__Material for the task__:
%%

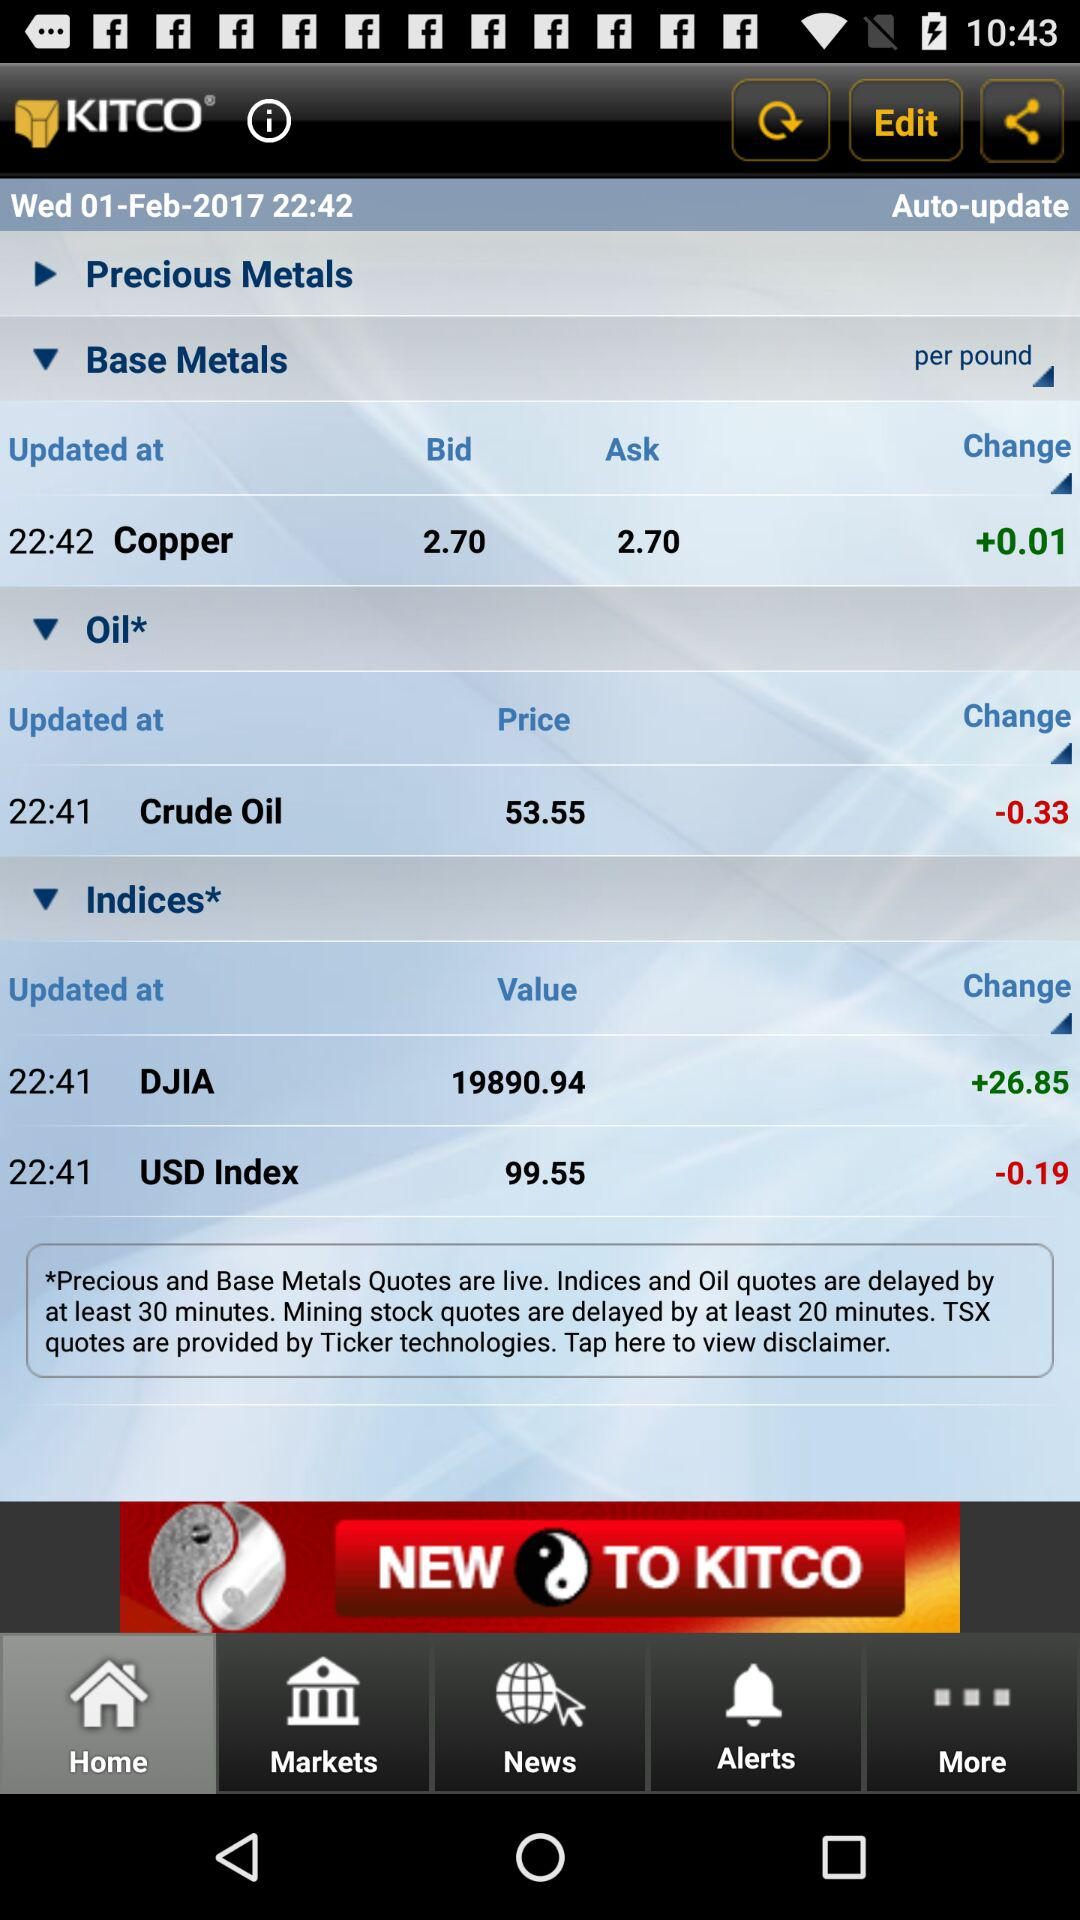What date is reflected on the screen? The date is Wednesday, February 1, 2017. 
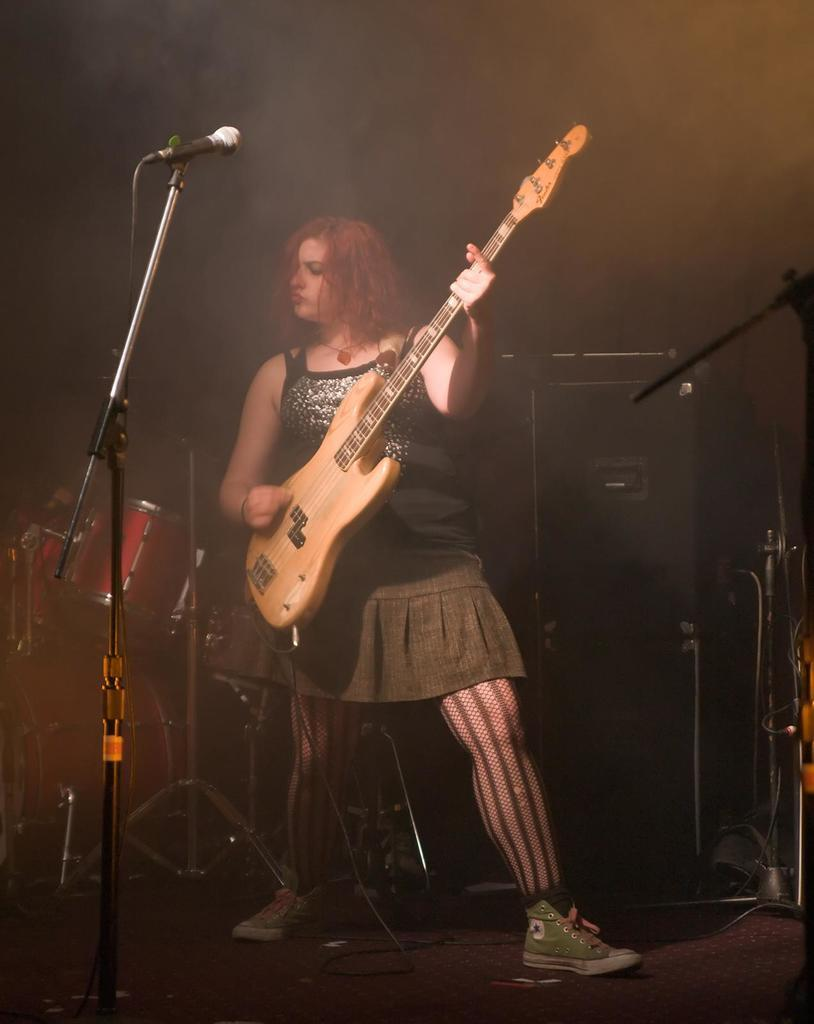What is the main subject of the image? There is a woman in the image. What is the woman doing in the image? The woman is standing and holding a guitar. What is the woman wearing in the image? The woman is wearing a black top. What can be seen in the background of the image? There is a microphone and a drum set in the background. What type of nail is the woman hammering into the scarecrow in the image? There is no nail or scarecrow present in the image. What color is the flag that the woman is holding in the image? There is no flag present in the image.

%%
%%

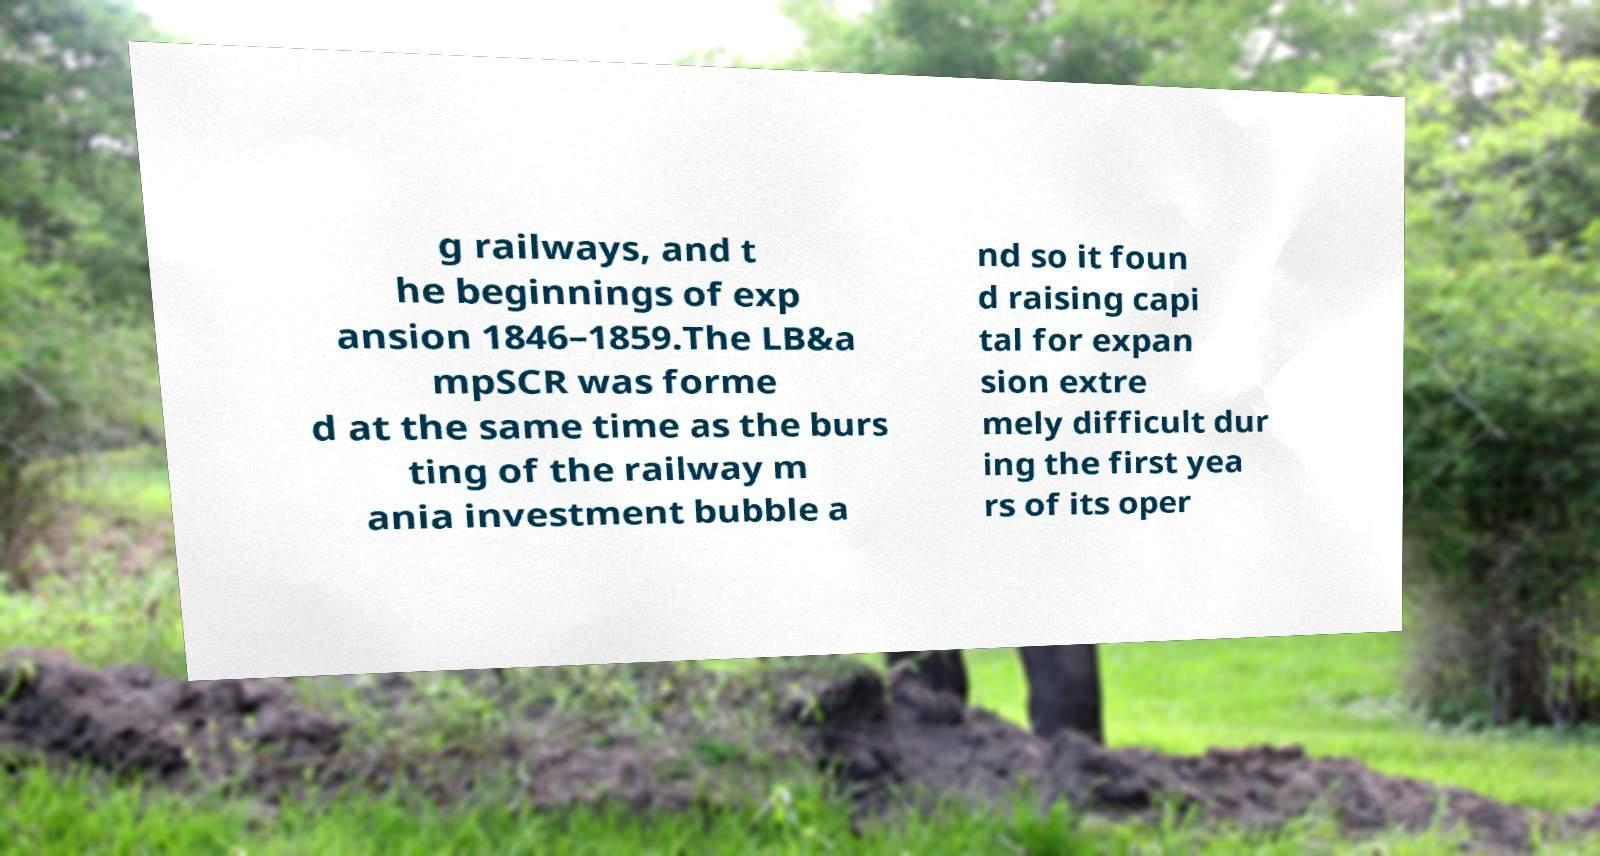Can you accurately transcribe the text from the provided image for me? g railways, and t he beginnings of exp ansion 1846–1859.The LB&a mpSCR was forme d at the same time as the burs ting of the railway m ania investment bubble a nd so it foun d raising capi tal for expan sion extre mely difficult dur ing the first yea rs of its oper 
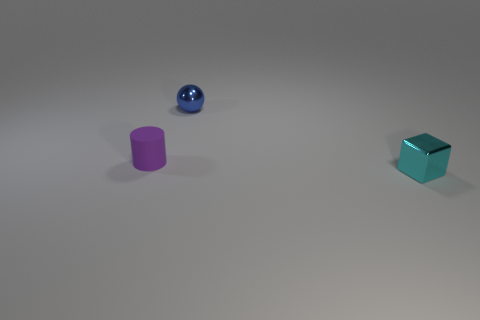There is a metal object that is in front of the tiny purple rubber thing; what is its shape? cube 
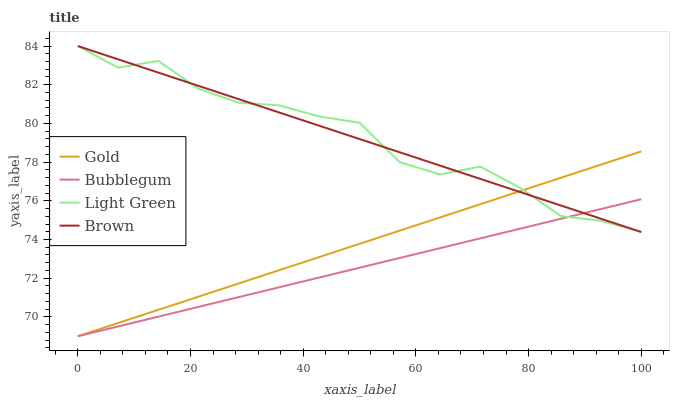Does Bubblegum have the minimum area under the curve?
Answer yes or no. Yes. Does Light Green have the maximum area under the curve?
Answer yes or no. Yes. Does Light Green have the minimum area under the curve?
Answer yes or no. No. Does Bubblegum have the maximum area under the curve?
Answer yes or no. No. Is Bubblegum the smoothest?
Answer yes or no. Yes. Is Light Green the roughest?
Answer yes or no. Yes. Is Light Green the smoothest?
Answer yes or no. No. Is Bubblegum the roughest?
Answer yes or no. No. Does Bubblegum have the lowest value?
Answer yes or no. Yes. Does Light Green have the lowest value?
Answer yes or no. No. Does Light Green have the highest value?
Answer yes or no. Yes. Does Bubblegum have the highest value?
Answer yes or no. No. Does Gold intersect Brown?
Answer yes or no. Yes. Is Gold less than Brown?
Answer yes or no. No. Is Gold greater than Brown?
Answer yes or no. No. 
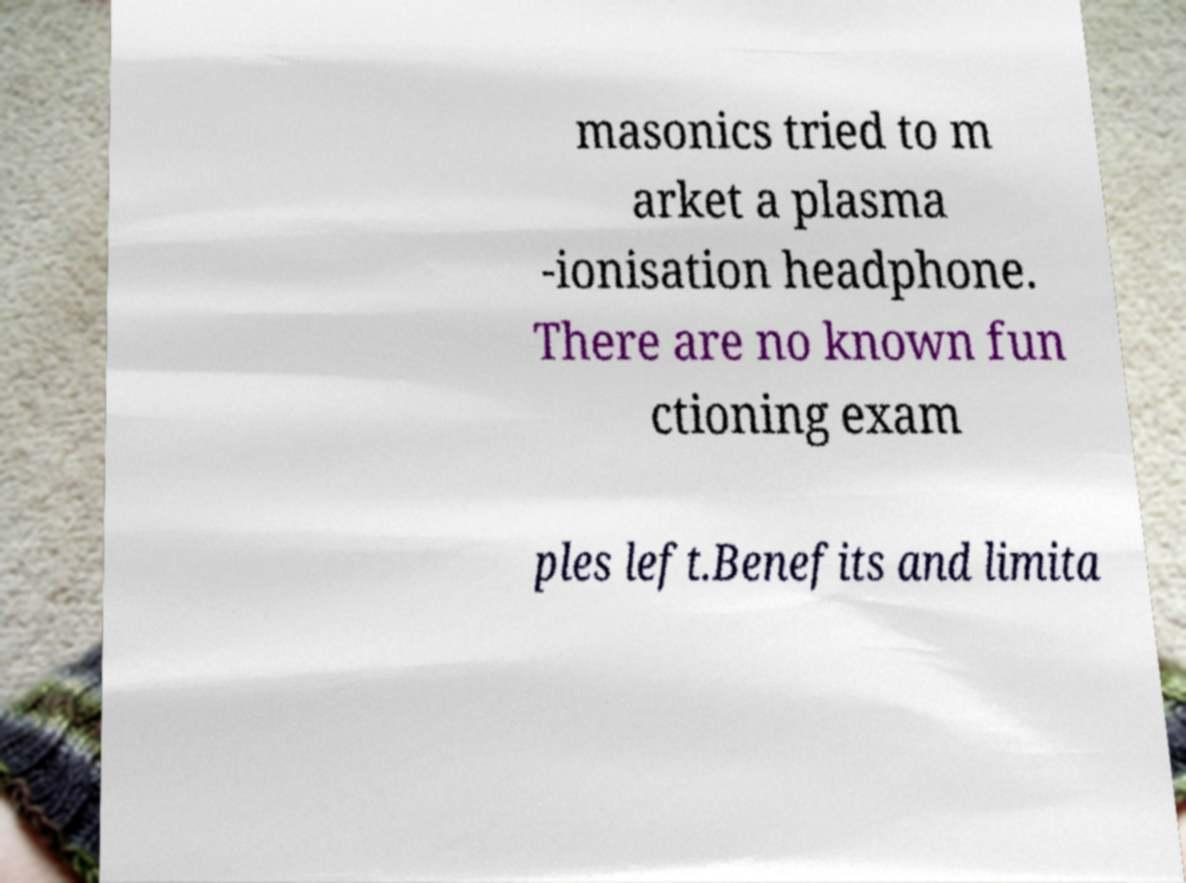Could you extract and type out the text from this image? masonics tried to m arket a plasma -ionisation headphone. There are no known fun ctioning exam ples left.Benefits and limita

%%

__Instructions to follow__: Write only the number of lines in the entries where the string "highest" occurs.

__Answer box__: 2